• Dataset extract:
|---|
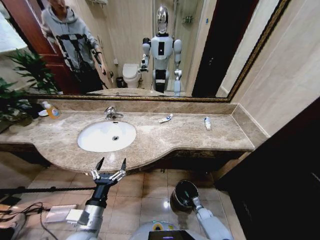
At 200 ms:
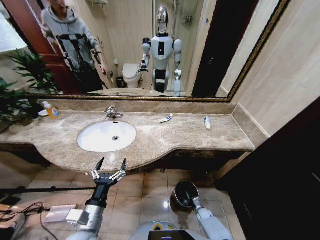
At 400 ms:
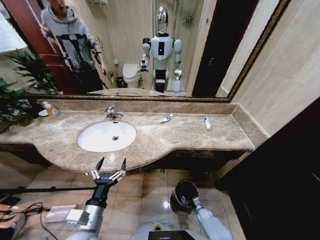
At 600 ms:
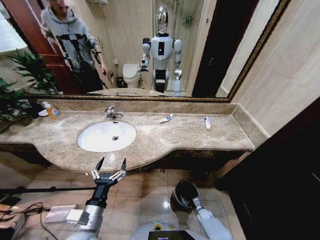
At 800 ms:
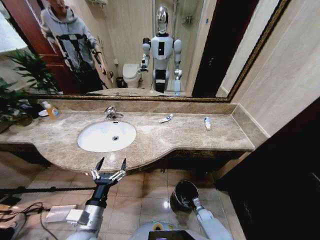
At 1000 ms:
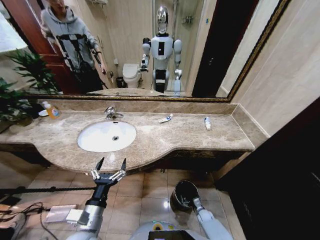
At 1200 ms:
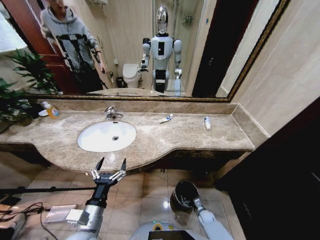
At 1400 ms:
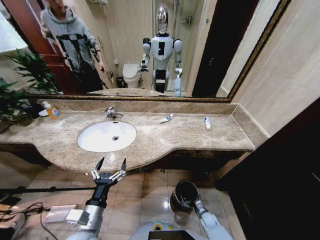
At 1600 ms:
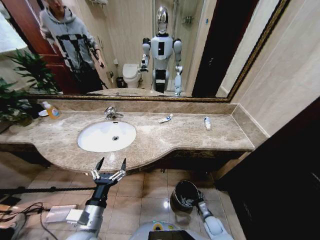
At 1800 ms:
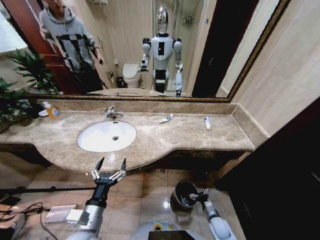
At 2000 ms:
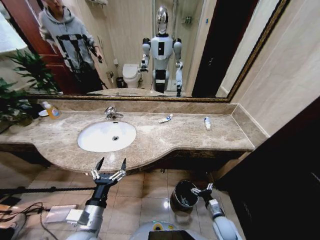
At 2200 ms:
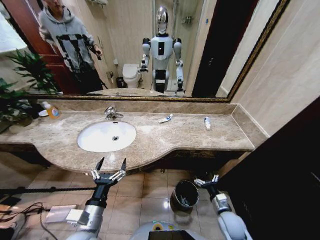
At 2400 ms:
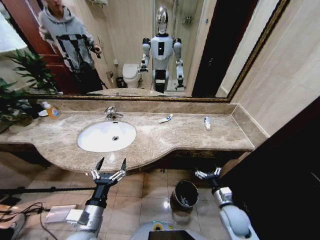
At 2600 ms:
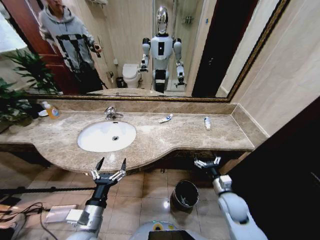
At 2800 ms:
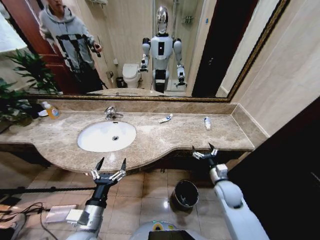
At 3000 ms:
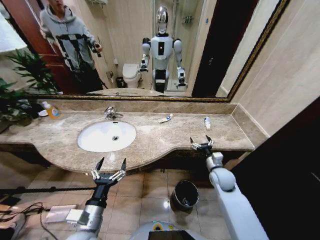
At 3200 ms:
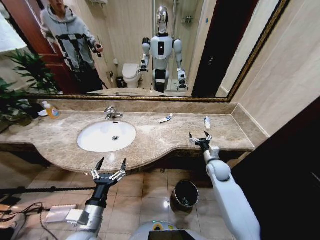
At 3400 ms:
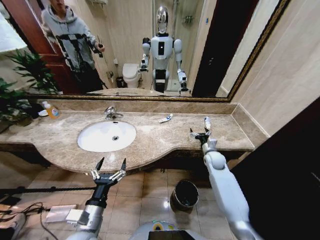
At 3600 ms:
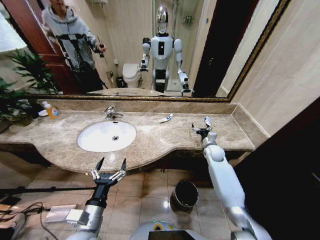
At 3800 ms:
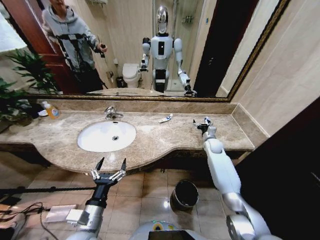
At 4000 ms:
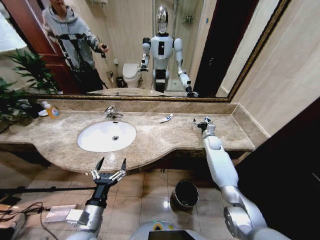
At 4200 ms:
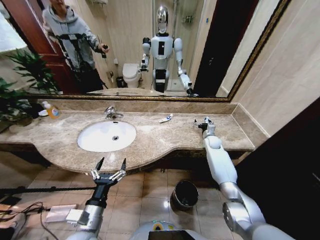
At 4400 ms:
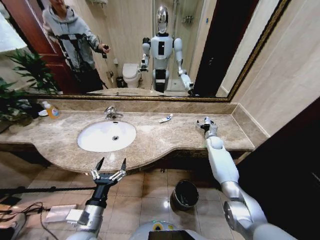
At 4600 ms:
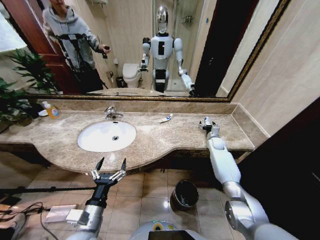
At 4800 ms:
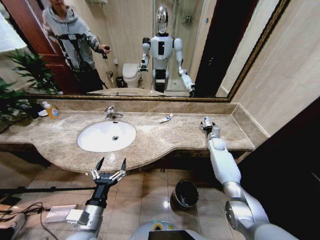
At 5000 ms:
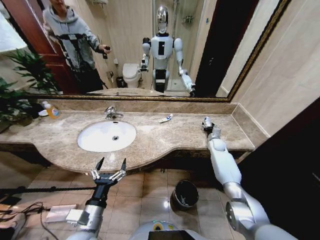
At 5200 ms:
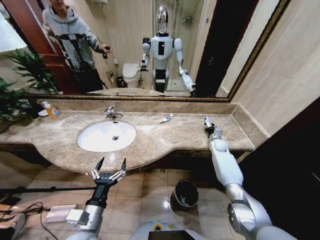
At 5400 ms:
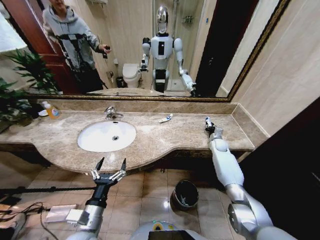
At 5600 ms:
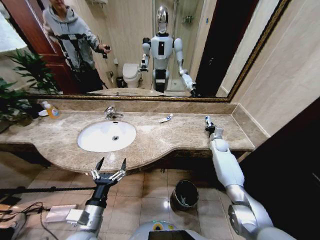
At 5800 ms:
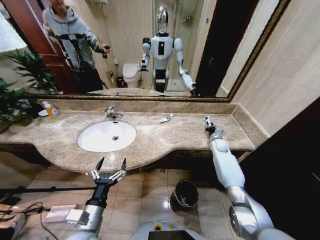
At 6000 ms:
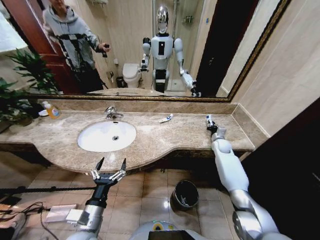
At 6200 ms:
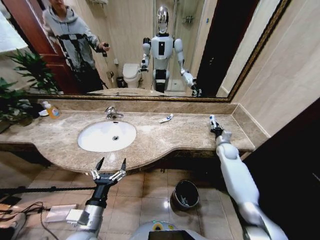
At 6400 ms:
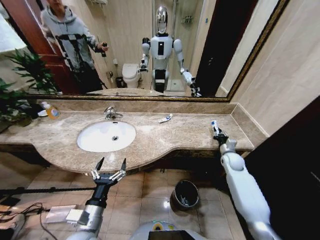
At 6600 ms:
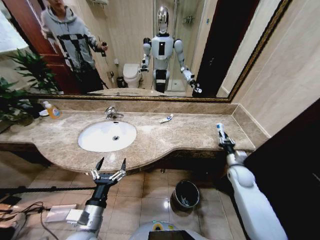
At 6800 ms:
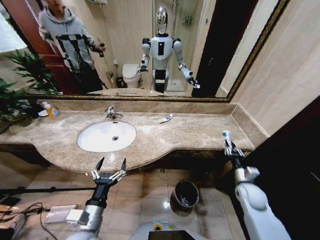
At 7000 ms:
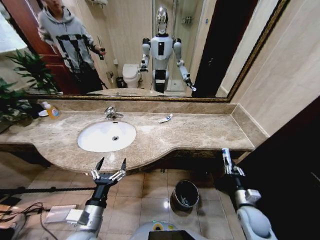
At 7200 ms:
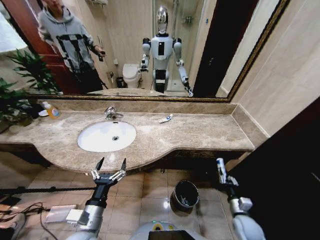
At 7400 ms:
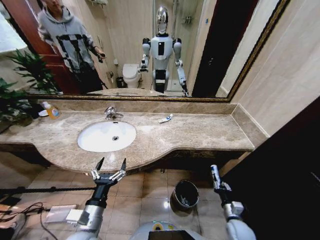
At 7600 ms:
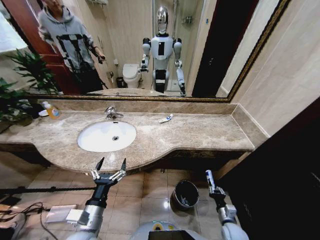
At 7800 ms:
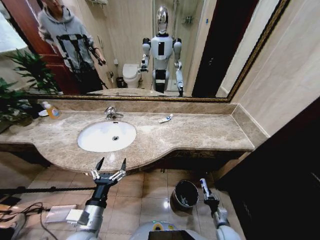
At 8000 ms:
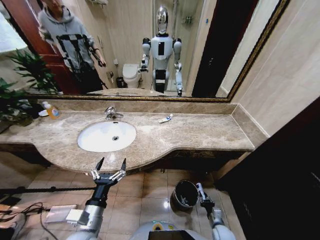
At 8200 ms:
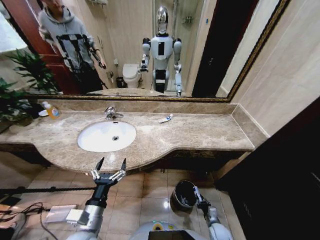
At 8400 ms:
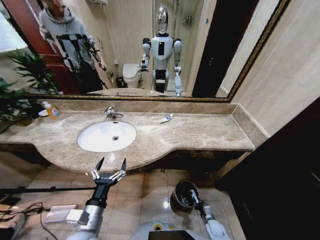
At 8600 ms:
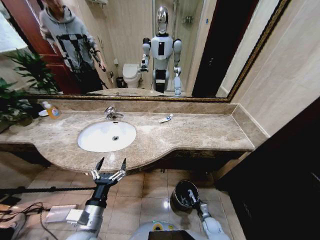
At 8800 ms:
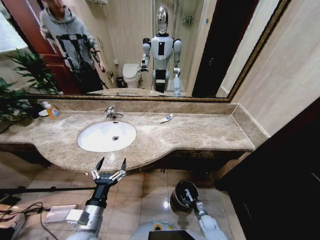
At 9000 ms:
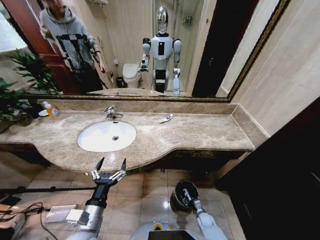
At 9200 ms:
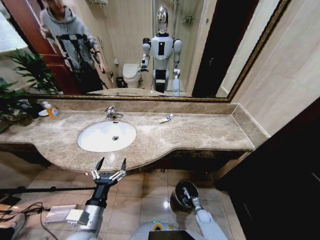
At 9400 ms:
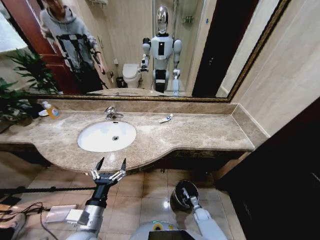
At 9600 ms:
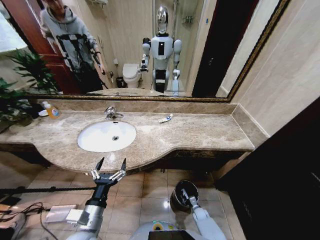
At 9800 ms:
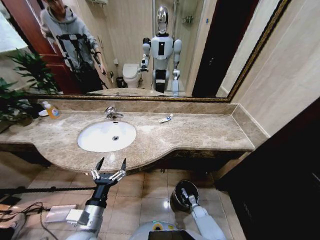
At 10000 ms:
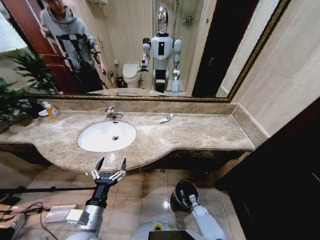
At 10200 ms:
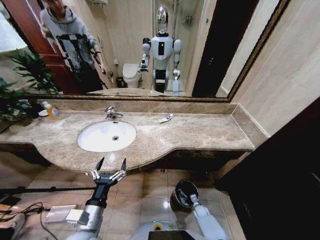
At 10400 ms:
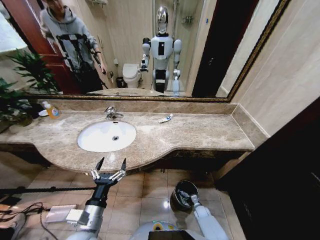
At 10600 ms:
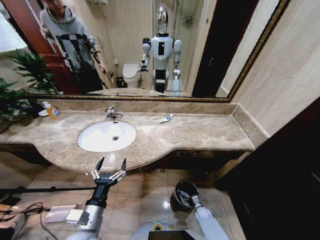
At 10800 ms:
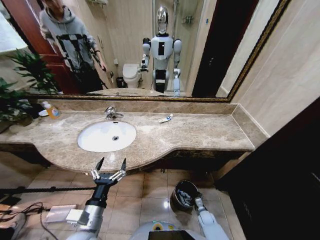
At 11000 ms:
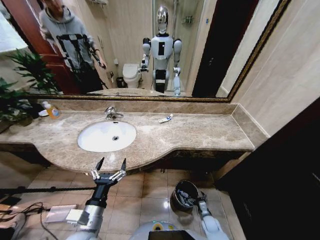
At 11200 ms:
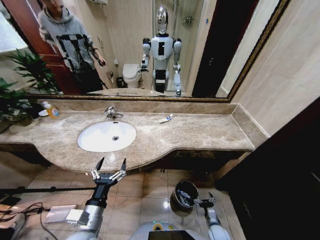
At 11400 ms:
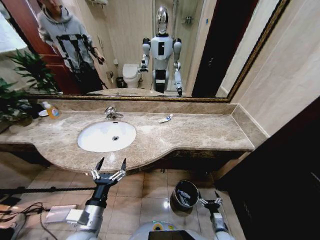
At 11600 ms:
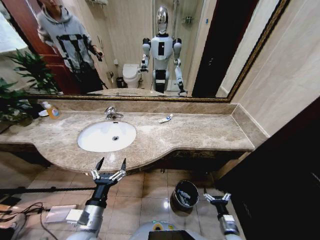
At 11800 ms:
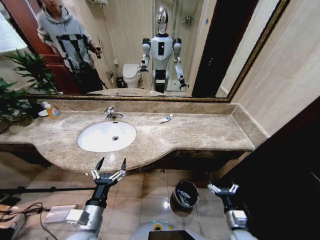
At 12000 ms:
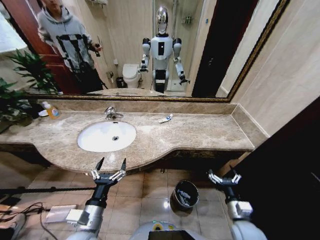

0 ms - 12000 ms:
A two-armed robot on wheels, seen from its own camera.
Task of the whole recording: Pick up the trash from the sink and place it in the trash bin.
0 ms - 1600 ms: The right gripper is displaced upward and backward by roughly 10 cm, and opens.
1600 ms - 3000 ms: The right gripper is displaced upward and forward by some 30 cm.
3000 ms - 4400 ms: The right gripper goes approximately 20 cm forward.
4400 ms - 6000 ms: The right gripper closes.
6000 ms - 7600 ms: The right gripper heads backward and downward, covering roughly 40 cm.
7600 ms - 9000 ms: The right gripper is displaced downward and forward by some 15 cm.
9000 ms - 10400 ms: The right gripper opens up.
10400 ms - 12000 ms: The right gripper goes roughly 30 cm upward.
|---|
• What you are asked to do: Restate each entry word for word, please, but drop any images it holds.

• Task result:
At 200 ms:
At 400 ms:
At 600 ms:
At 800 ms:
At 1000 ms:
At 1200 ms:
At 1400 ms:
At 1600 ms:
At 1800 ms:
At 2000 ms:
At 2200 ms:
At 2400 ms:
At 2600 ms:
At 2800 ms:
At 3000 ms:
At 3200 ms:
At 3400 ms:
At 3600 ms:
At 3800 ms:
At 4000 ms:
At 4200 ms:
At 4400 ms:
At 4600 ms:
At 4800 ms:
At 5000 ms:
At 5200 ms:
At 5400 ms:
At 5600 ms:
At 5800 ms:
At 6000 ms:
At 6200 ms:
At 6400 ms:
At 6600 ms:
At 6800 ms:
At 7000 ms:
At 7200 ms:
At 7400 ms:
At 7600 ms:
At 7800 ms:
At 8000 ms:
At 8200 ms:
At 8400 ms:
At 8600 ms:
At 8800 ms:
At 9000 ms:
At 9200 ms:
At 9400 ms:
At 9600 ms:
At 9800 ms:
At 10000 ms:
At 10200 ms:
At 10400 ms:
At 10600 ms:
At 10800 ms:
At 11000 ms:
At 11200 ms:
At 11400 ms:
At 11600 ms:
At 11800 ms:
At 12000 ms:

0 ms - 12000 ms:
A two-armed robot on wheels, seen from its own camera.
Task of the whole recording: Pick up the trash from the sink and place it in the trash bin.
0 ms - 1600 ms: The right gripper is displaced upward and backward by roughly 10 cm, and opens.
1600 ms - 3000 ms: The right gripper is displaced upward and forward by some 30 cm.
3000 ms - 4400 ms: The right gripper goes approximately 20 cm forward.
4400 ms - 6000 ms: The right gripper closes.
6000 ms - 7600 ms: The right gripper heads backward and downward, covering roughly 40 cm.
7600 ms - 9000 ms: The right gripper is displaced downward and forward by some 15 cm.
9000 ms - 10400 ms: The right gripper opens up.
10400 ms - 12000 ms: The right gripper goes roughly 30 cm upward.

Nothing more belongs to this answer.